UPDATE: I had a chance to discuss this blog with Manning. This is what I was told:
1. When Manning sells a printed copy the reader gets the e-Book as well.
2. Their MEAP program can continue even after the books is printed as long as the authors are willing to keep the book up to date. We’re willing.
3. The book goes to printer in small batches, and if the content of the manuscripts has changed, the new print batch can have the new content (Manning can easily do this if page numbering doesn’t change).

I’m wondering what other publishers do to keep printed books current?


10 thoughts on “Dear Publisher, please do not print our book

  1. Manning should definitely listen to their readers and authors. Is there way to complain? I would definitely support to hold off printed copy till A2 release (I do realize that there will be multiple 1.0x versions afterwards with the way it is going, but that is understandable).

  2. +1 to this. As much as I like referring to printed text, this totally makes sense, with how rapidly the framework is evolving.

    I’ve also been following the major changes that continue to happen with the A2 platform, wondering if it will ever truly stabilize to a steady-state version, or if constant upheaval will be their new norm. Are you concerned at all about the relatively high level of continuous re-engineering, or do you think it’s a good sign that they’re committed to the best design? I’m all for taking the time to do things right; but at some point, the churn needs to stop in order for the tool to be practical, IMO. The prospect of constantly re-learning major revisions of A2 does not intrigue me.

    1. IMO, they shouldn’t announce RC as of yet. Beta is a more appropriate name for what’s released today.

      On the positive note, the API changes are not dramatic and you are not forced to upgrade to the latest version. Even if you code would be deployed in prod, you could continue using the deprecated API.

      Things are different with the printed book. You can’t change it after it’s printed.

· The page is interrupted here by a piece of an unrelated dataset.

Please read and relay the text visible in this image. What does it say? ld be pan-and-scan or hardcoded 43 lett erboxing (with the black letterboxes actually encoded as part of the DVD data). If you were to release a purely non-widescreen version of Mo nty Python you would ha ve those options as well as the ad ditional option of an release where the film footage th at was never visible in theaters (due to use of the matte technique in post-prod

  3. I’m fallowing the “Angular 2 programming with type script”, I printed the chapter 6 a week ago, Angular has changed and sample code too … It was paper wasting. Yes you are right, we don’t need a printed book, we need an updated ebook every month for the next year

  4. I just purchased a physical copy of the book along with the ebook. I appreciate and understand your concerns about a printed copy quickly becoming outdated, but that isn’t the purpose of a print version. The print version of the book is superior to an ebook, when learning a new technology a key factor is constant repetition of the fundamentals which is best handled by skimming through the pages. In contrast, you can’t skim through an ebook and lots of important information remains unseen and buried, resulting in a longer initial learning curve. The extra $10 for the physical book will be quickly repaid by a shorter learning period. After I’ve attained a certain proficiency, I’ll discard the physical book as its served its purpose and just rely on the ebook.

  5. I’ve just started working my way through the book. So far, I think it’s very good. I’m curious what you mean in this post when you talk about unit testing: “Unit testing. It’s being changed as we speak. OK, we’ll re-write chapter 9 to remove anything specific to Jasmine.” What change is on the horizon?

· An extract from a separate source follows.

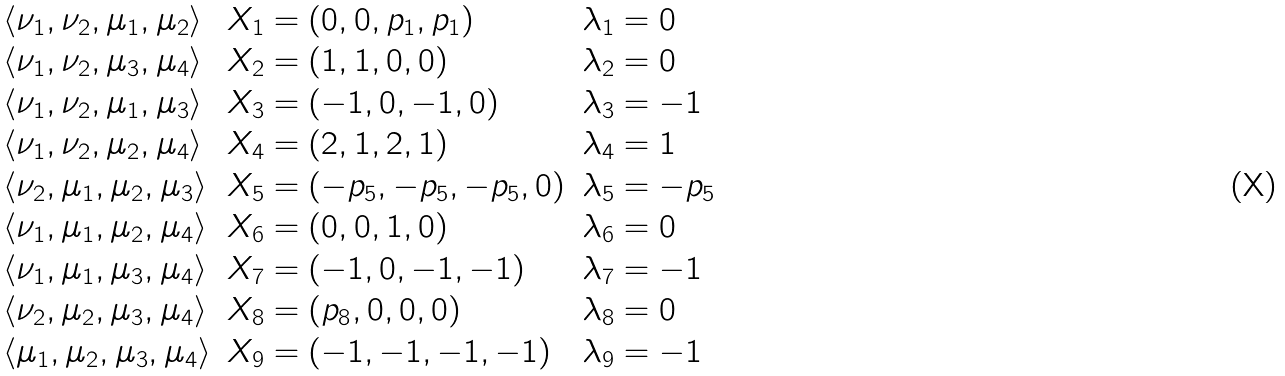<formula> <loc_0><loc_0><loc_500><loc_500>\begin{array} { l l l } \langle \nu _ { 1 } , \nu _ { 2 } , \mu _ { 1 } , \mu _ { 2 } \rangle & X _ { 1 } = ( 0 , 0 , p _ { 1 } , p _ { 1 } ) & \lambda _ { 1 } = 0 \\ \langle \nu _ { 1 } , \nu _ { 2 } , \mu _ { 3 } , \mu _ { 4 } \rangle & X _ { 2 } = ( 1 , 1 , 0 , 0 ) & \lambda _ { 2 } = 0 \\ \langle \nu _ { 1 } , \nu _ { 2 } , \mu _ { 1 } , \mu _ { 3 } \rangle & X _ { 3 } = ( - 1 , 0 , - 1 , 0 ) & \lambda _ { 3 } = - 1 \\ \langle \nu _ { 1 } , \nu _ { 2 } , \mu _ { 2 } , \mu _ { 4 } \rangle & X _ { 4 } = ( 2 , 1 , 2 , 1 ) & \lambda _ { 4 } = 1 \\ \langle \nu _ { 2 } , \mu _ { 1 } , \mu _ { 2 } , \mu _ { 3 } \rangle & X _ { 5 } = ( - p _ { 5 } , - p _ { 5 } , - p _ { 5 } , 0 ) & \lambda _ { 5 } = - p _ { 5 } \\ \langle \nu _ { 1 } , \mu _ { 1 } , \mu _ { 2 } , \mu _ { 4 } \rangle & X _ { 6 } = ( 0 , 0 , 1 , 0 ) & \lambda _ { 6 } = 0 \\ \langle \nu _ { 1 } , \mu _ { 1 } , \mu _ { 3 } , \mu _ { 4 } \rangle & X _ { 7 } = ( - 1 , 0 , - 1 , - 1 ) & \lambda _ { 7 } = - 1 \\ \langle \nu _ { 2 } , \mu _ { 2 } , \mu _ { 3 } , \mu _ { 4 } \rangle & X _ { 8 } = ( p _ { 8 } , 0 , 0 , 0 ) & \lambda _ { 8 } = 0 \\ \langle \mu _ { 1 } , \mu _ { 2 } , \mu _ { 3 } , \mu _ { 4 } \rangle & X _ { 9 } = ( - 1 , - 1 , - 1 , - 1 ) & \lambda _ { 9 } = - 1 \end{array}</formula>

    1. This post was written 10 months ago and the testing API was changing. After the official release of Angular 2 in Sep 2016, the API is stable.

  6. i bought the 1st edition and enjoyed every page and found myself going to the github repo often. really digging into the codebase really helped the most (the book did help but minimally). I may buy the 2nd edition to support the author as that his effort as a angular ‘trailblazer’ is so invaluable.